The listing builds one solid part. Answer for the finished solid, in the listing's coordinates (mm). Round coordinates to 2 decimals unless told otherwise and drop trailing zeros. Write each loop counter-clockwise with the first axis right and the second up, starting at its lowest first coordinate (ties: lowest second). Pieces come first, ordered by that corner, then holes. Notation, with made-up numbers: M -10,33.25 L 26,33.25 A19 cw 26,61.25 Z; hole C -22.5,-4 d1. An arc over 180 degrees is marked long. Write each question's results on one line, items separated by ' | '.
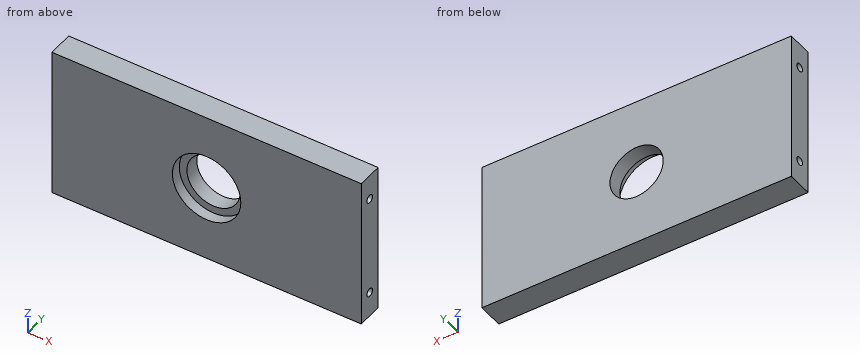
Autodesk Inventor part; units mm, degrees
ref_plane "YZ Plane" through (0, 0, 0) normal (1, 0, 0) x (0, 1, 0)
ref_plane "XZ Plane" through (0, 0, 0) normal (0, 1, 0) x (-1, 0, 0)
ref_plane "XY Plane" through (0, 0, 0) normal (0, 0, 1) x (1, 0, 0)
sketch "スケッチ1" plane through (0, 0, 0) normal (0, 1, 0) x (-1, 0, 0)
  line L0 (61.0285, -30) -> (-61.0285, -30)
  line L1 (-61.0285, -30) -> (-61.0285, 30)
  line L2 (-61.0285, 30) -> (61.0285, 30)
  line L3 (61.0285, 30) -> (61.0285, -30)
  line L4 (61.0285, -30) -> (-61.0285, 30) construction
  line L5 (-61.0285, -30) -> (61.0285, 30) construction
  point P0 (0, 0)
  dimension "d0" = 60
  dimension "d1" = 122.057
extrude "押し出し1" add sketch "スケッチ1" along normal blind 10
sketch "スケッチ2" plane through (0, 0, 0) normal (0, -1, 0) x (1, 0, 0)
  line L0 (-85.4399, 0) -> (85.4399, 0)
  line L1 (0, -42) -> (0, 42)
  circle A0 centre (0, 0) radius 13.5
  dimension "d4" = 27
extrude "押し出し2" cut sketch "スケッチ2" against normal blind 4.1
sketch "スケッチ3" plane through (0, 4.1, 0) normal (0, -1, 0) x (1, 0, 0)
  circle A0 centre (0, 0) radius 10.5
  dimension "d7" = 21
extrude "押し出し4" cut sketch "スケッチ3" against normal blind 10
sketch "スケッチ4" plane through (61.0285, 0, 30) normal (1, 0, 0) x (0, 0, -1)
  line L0 (60, 0) -> (0, 0)
  line L1 (0, 0) -> (0, 10)
  line L2 (60, 0) -> (60, 10)
  point P0 (30, 0)
  point P1 (10, 5)
  point P2 (50, 5)
  dimension "d12" = 5
  dimension "d13" = 10
  dimension "d14" = 10
  dimension "d15" = 5
hole "穴1" at (61.0285, 5, 20) at (61.0285, 5, -20) direction (-1, 0, 0) diameter 3.242 depth 12
sketch "スケッチ5" plane through (-61.0285, 0, -30) normal (-1, 0, 0) x (0, 0, 1)
  line L0 (60, 0) -> (0, 0)
  line L1 (0, 0) -> (0, 10)
  line L2 (60, 0) -> (60, 10)
  point P0 (30, 0)
  point P1 (30, 0)
  point P2 (10, 5)
  point P3 (50, 5)
  dimension "d23" = 5
  dimension "d24" = 10
  dimension "d25" = 10
  dimension "d26" = 5
hole "穴2" at (-61.0285, 5, -20) at (-61.0285, 5, 20) direction (1, 0, 0) diameter 3.242 depth 12
properties part number "Diffbox_plate_main" material "アルミニウム 6061"
1) Section D-D (z = 20) is taken. Determine the outline of the cut face in (x, y), then the cut area to 3 significant figures.
Return value:
outline: M -61.03,0 L 61.03,0 L 61.03,3.38 L 49.03,3.38 L 49.03,6.62 L 61.03,6.62 L 61.03,10 L -61.03,10 L -61.03,6.62 L -49.03,6.62 L -49.03,3.38 L -61.03,3.38 Z | area: 1,140 mm²
2) Find the intervals of material crossed by line 1 (Z direction, x = 58.75, y = 5); line 2 (Y direction, x = -56, z = -20); line 3 (Z direction, x = 0.5, y = 2.5), in increasing order.
Return value:
line 1: -30 to -21.62, -18.38 to 18.38, 21.62 to 30 | line 2: 0 to 3.38, 6.62 to 10 | line 3: -30 to -13.49, 13.49 to 30
3) Section B-B (z = 0) is taken. Determine the outline of the cut face in (x, y).
Return value:
outline: M -61.03,0 L -13.5,0 L -13.5,4.1 L -10.5,4.1 L -10.5,10 L -61.03,10 Z; M 10.5,4.1 L 13.5,4.1 L 13.5,0 L 61.03,0 L 61.03,10 L 10.5,10 Z
4) Section A-A (x = 0) is taken. Determine the outline of the cut face in (y, z), then the cut area to 3 significant figures.
Return value:
outline: M 0,-30 L 10,-30 L 10,-10.5 L 4.1,-10.5 L 4.1,-13.5 L 0,-13.5 Z; M 0,13.5 L 4.1,13.5 L 4.1,10.5 L 10,10.5 L 10,30 L 0,30 Z | area: 365 mm²
5) This flat-tipped pin is pushed along its axis until it touches: pin 1 (1.6 mm diameter, centred on y = 5.5, z = 19.5, fed in from +X). Where does it stop, or does it pass through?
Return value:
pin 1: x = 49.03
6) Section C-C (y = 7.75) is taken. Determine the outline of the cut face in (x, z).
Return value:
outline: M -61.03,-30 L 61.03,-30 L 61.03,30 L -61.03,30 Z; hole C 0,0 d21
———
The copy should hold every entry above word for word and none of the pictures.

The listing builds one solid part. Answer for the finished solid, in the listing's coordinates (mm). Round coordinates to 2 decimals unless told otherwise and drop trailing zeros. Write each loop counter-clockwise with the first axis right and the second up, starting at its lowest first coordinate (ties: lowest second). Pieces come first, ordered by that corner, then holes. Notation, with made-up numbers: M -10,33.25 L 26,33.25 A19 cw 26,61.25 Z; hole C -22.5,-4 d1. An arc over 180 degrees is marked long. Write each question's results on one line, items separated by ' | '.
Autodesk Inventor part; units mm, degrees
ref_plane "YZ Plane" through (0, 0, 0) normal (1, 0, 0) x (0, 1, 0)
ref_plane "XZ Plane" through (0, 0, 0) normal (0, 1, 0) x (-1, 0, 0)
ref_plane "XY Plane" through (0, 0, 0) normal (0, 0, 1) x (1, 0, 0)
sketch "スケッチ1" plane through (0, 0, 0) normal (0, 1, 0) x (-1, 0, 0)
  line L0 (61.0285, -30) -> (-61.0285, -30)
  line L1 (-61.0285, -30) -> (-61.0285, 30)
  line L2 (-61.0285, 30) -> (61.0285, 30)
  line L3 (61.0285, 30) -> (61.0285, -30)
  line L4 (61.0285, -30) -> (-61.0285, 30) construction
  line L5 (-61.0285, -30) -> (61.0285, 30) construction
  point P0 (0, 0)
  dimension "d0" = 60
  dimension "d1" = 122.057
extrude "押し出し1" add sketch "スケッチ1" along normal blind 10
sketch "スケッチ2" plane through (0, 0, 0) normal (0, -1, 0) x (1, 0, 0)
  line L0 (-85.4399, 0) -> (85.4399, 0)
  line L1 (0, -42) -> (0, 42)
  circle A0 centre (0, 0) radius 13.5
  dimension "d4" = 27
extrude "押し出し2" cut sketch "スケッチ2" against normal blind 4.1
sketch "スケッチ3" plane through (0, 4.1, 0) normal (0, -1, 0) x (1, 0, 0)
  circle A0 centre (0, 0) radius 10.5
  dimension "d7" = 21
extrude "押し出し4" cut sketch "スケッチ3" against normal blind 10
sketch "スケッチ4" plane through (61.0285, 0, 30) normal (1, 0, 0) x (0, 0, -1)
  line L0 (60, 0) -> (0, 0)
  line L1 (0, 0) -> (0, 10)
  line L2 (60, 0) -> (60, 10)
  point P0 (30, 0)
  point P1 (10, 5)
  point P2 (50, 5)
  dimension "d12" = 5
  dimension "d13" = 10
  dimension "d14" = 10
  dimension "d15" = 5
hole "穴1" at (61.0285, 5, 20) at (61.0285, 5, -20) direction (-1, 0, 0) diameter 3.242 depth 12
sketch "スケッチ5" plane through (-61.0285, 0, -30) normal (-1, 0, 0) x (0, 0, 1)
  line L0 (60, 0) -> (0, 0)
  line L1 (0, 0) -> (0, 10)
  line L2 (60, 0) -> (60, 10)
  point P0 (30, 0)
  point P1 (30, 0)
  point P2 (10, 5)
  point P3 (50, 5)
  dimension "d23" = 5
  dimension "d24" = 10
  dimension "d25" = 10
  dimension "d26" = 5
hole "穴2" at (-61.0285, 5, -20) at (-61.0285, 5, 20) direction (1, 0, 0) diameter 3.242 depth 12
properties part number "Diffbox_plate_main" material "アルミニウム 6061"
1) Section D-D (z = 20) is taken. Determine the outline of the cut face in (x, y), then the cut area to 3 significant figures.
Return value:
outline: M -61.03,0 L 61.03,0 L 61.03,3.38 L 49.03,3.38 L 49.03,6.62 L 61.03,6.62 L 61.03,10 L -61.03,10 L -61.03,6.62 L -49.03,6.62 L -49.03,3.38 L -61.03,3.38 Z | area: 1,140 mm²
2) Find the intervals of material crossed by line 1 (Z direction, x = 58.75, y = 5); line 2 (Y direction, x = -56, z = -20); line 3 (Z direction, x = 0.5, y = 2.5), in increasing order.
Return value:
line 1: -30 to -21.62, -18.38 to 18.38, 21.62 to 30 | line 2: 0 to 3.38, 6.62 to 10 | line 3: -30 to -13.49, 13.49 to 30
3) Section B-B (z = 0) is taken. Determine the outline of the cut face in (x, y).
Return value:
outline: M -61.03,0 L -13.5,0 L -13.5,4.1 L -10.5,4.1 L -10.5,10 L -61.03,10 Z; M 10.5,4.1 L 13.5,4.1 L 13.5,0 L 61.03,0 L 61.03,10 L 10.5,10 Z
4) Section A-A (x = 0) is taken. Determine the outline of the cut face in (y, z), then the cut area to 3 significant figures.
Return value:
outline: M 0,-30 L 10,-30 L 10,-10.5 L 4.1,-10.5 L 4.1,-13.5 L 0,-13.5 Z; M 0,13.5 L 4.1,13.5 L 4.1,10.5 L 10,10.5 L 10,30 L 0,30 Z | area: 365 mm²
5) This flat-tipped pin is pushed along its axis until it touches: pin 1 (1.6 mm diameter, centred on y = 5.5, z = 19.5, fed in from +X). Where does it stop, or does it pass through?
Return value:
pin 1: x = 49.03
6) Section C-C (y = 7.75) is taken. Determine the outline of the cut face in (x, z).
Return value:
outline: M -61.03,-30 L 61.03,-30 L 61.03,30 L -61.03,30 Z; hole C 0,0 d21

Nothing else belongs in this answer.